(Stored data)
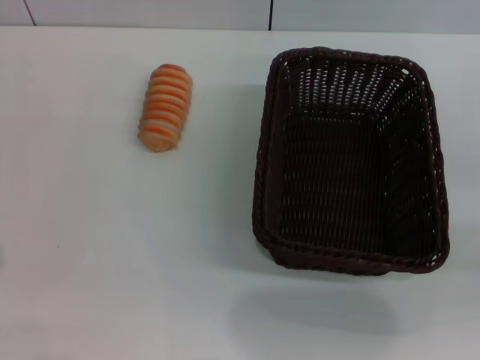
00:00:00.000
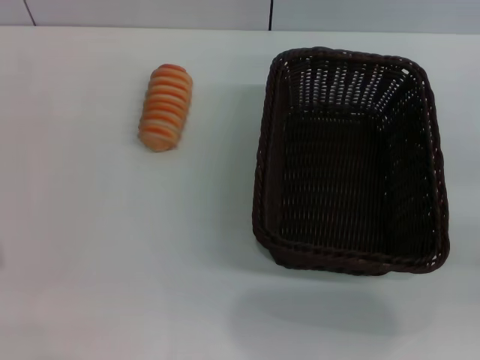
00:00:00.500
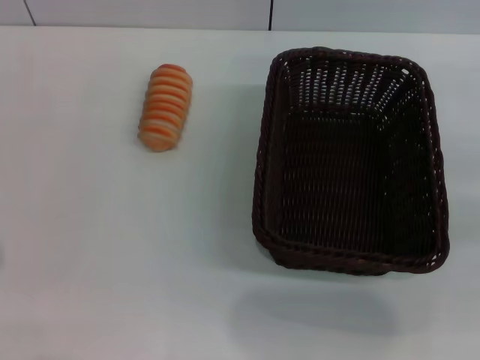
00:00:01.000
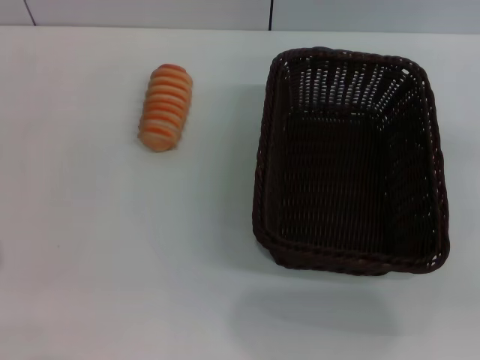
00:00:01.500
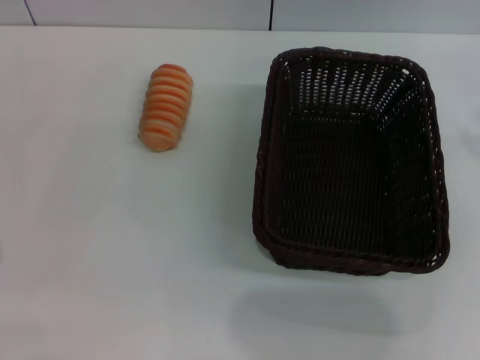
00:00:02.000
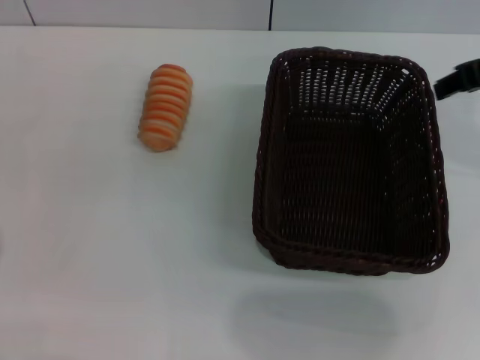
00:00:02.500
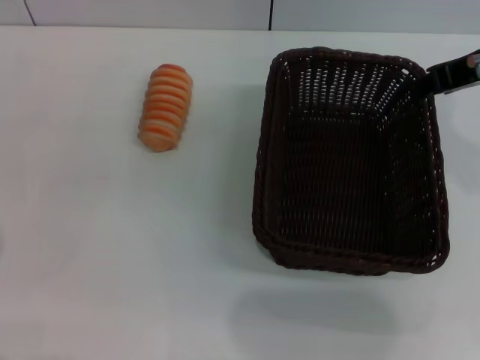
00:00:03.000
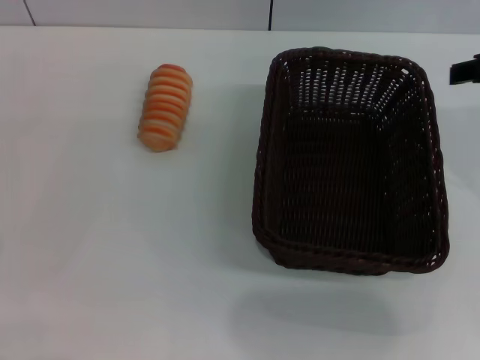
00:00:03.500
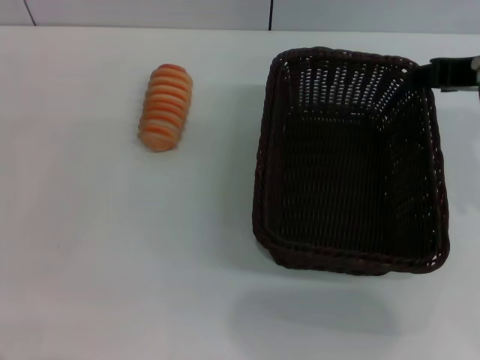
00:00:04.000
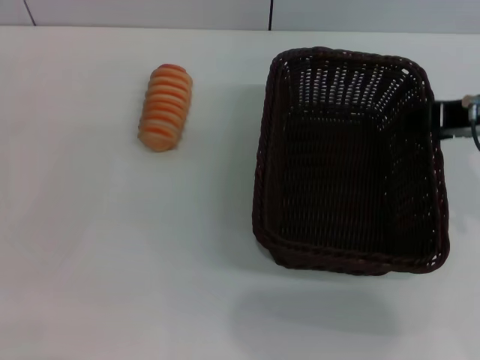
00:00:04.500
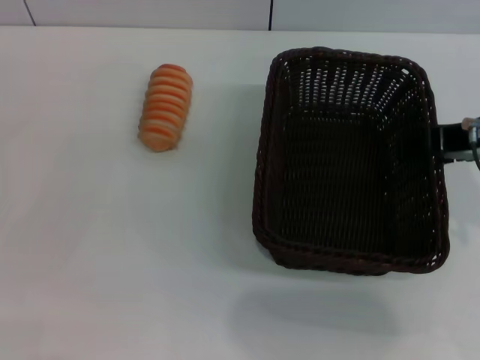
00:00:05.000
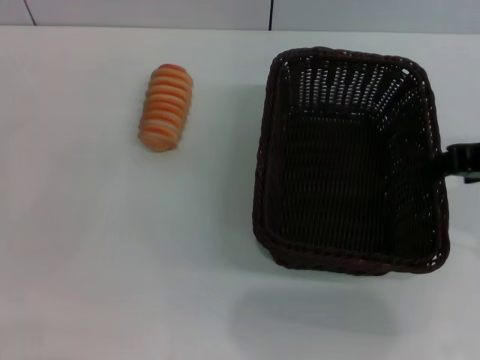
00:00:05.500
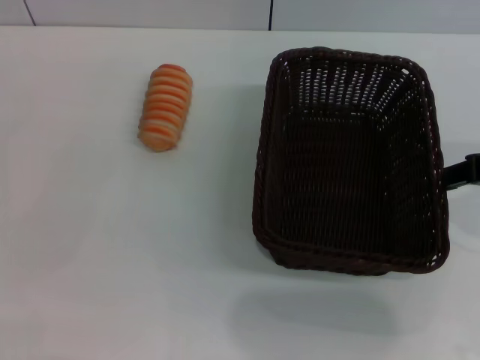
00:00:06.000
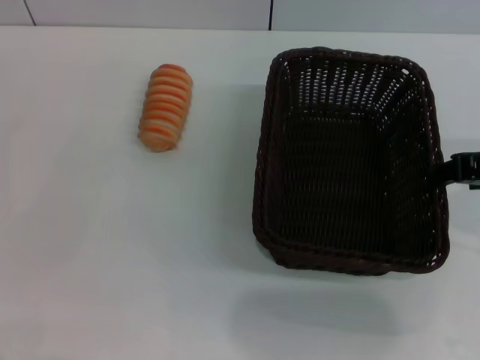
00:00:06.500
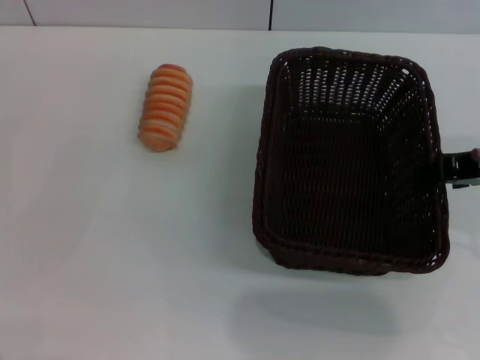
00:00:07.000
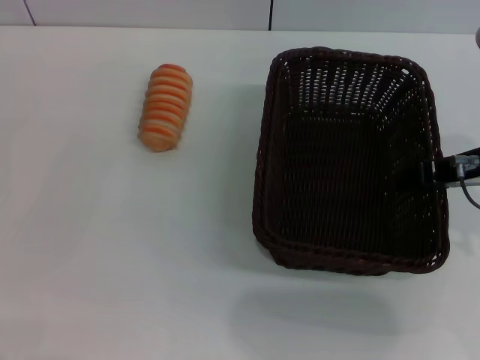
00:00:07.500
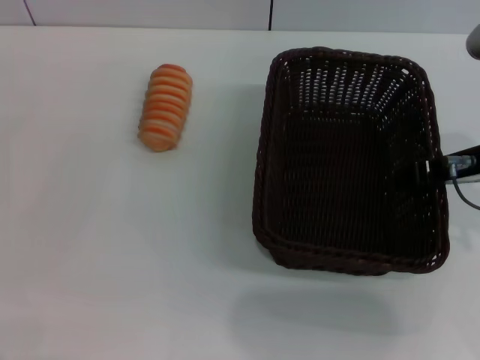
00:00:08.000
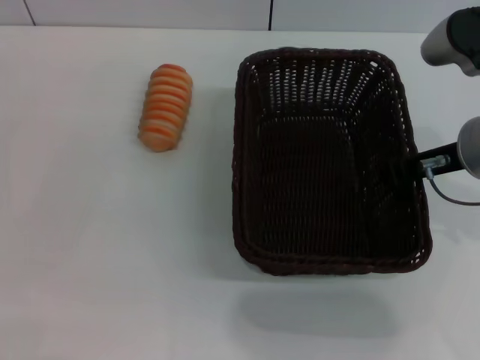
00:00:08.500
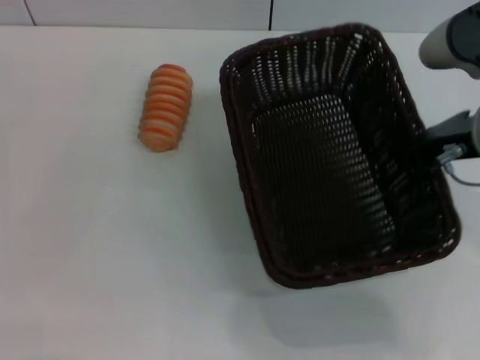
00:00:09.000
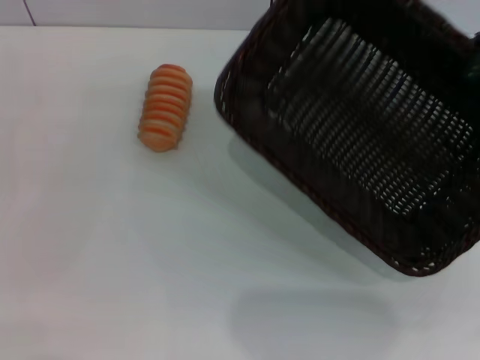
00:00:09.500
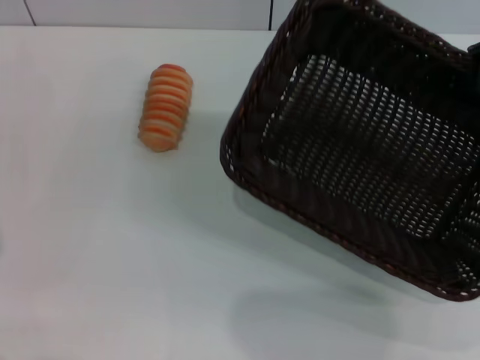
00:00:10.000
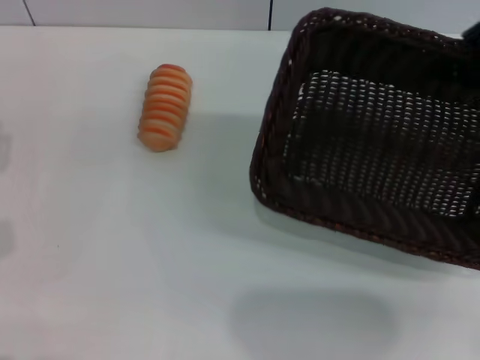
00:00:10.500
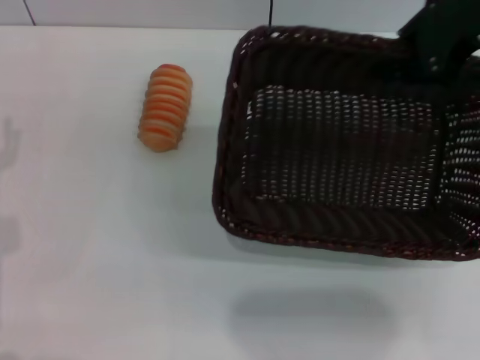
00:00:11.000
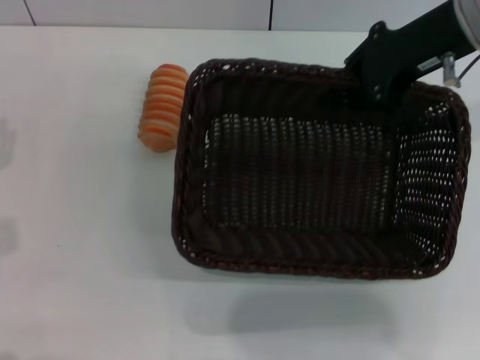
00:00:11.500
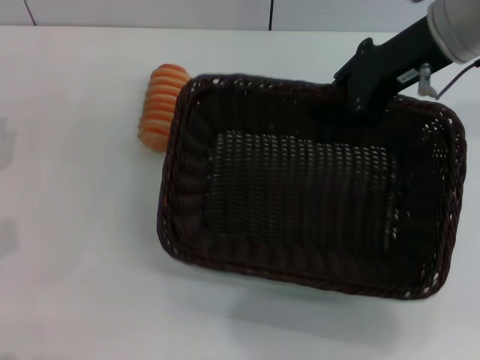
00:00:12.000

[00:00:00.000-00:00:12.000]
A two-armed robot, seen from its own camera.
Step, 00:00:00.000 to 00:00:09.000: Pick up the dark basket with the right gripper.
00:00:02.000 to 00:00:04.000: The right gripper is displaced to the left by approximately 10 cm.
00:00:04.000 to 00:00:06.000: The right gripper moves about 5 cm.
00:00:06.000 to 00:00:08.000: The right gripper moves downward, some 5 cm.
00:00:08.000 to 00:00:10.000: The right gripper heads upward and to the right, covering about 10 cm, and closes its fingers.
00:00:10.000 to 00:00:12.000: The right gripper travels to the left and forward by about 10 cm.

...

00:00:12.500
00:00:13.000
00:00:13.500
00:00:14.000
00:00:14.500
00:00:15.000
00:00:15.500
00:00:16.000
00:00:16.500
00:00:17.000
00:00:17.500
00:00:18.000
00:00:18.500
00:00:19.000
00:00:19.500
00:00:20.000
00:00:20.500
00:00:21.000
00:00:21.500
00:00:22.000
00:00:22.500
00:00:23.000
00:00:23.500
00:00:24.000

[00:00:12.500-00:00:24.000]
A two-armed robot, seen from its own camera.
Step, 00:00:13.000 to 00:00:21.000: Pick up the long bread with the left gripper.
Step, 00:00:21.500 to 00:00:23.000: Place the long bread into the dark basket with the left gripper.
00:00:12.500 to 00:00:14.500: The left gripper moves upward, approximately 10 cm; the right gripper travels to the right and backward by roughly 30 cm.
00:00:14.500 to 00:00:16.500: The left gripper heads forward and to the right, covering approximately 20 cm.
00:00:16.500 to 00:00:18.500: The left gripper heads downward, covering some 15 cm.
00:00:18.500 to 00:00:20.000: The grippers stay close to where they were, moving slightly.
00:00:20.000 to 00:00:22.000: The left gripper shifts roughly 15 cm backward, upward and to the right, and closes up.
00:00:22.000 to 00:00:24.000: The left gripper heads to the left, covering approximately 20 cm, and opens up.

▸ **Exercise requirements**:
Give back, exactly and without pictures, the stretch of the records above from the line containing "00:00:04.500" through the line containing "[00:00:00.000-00:00:12.000]", with both end lines included.

▸ **Response**:
00:00:04.500
00:00:05.000
00:00:05.500
00:00:06.000
00:00:06.500
00:00:07.000
00:00:07.500
00:00:08.000
00:00:08.500
00:00:09.000
00:00:09.500
00:00:10.000
00:00:10.500
00:00:11.000
00:00:11.500
00:00:12.000

[00:00:00.000-00:00:12.000]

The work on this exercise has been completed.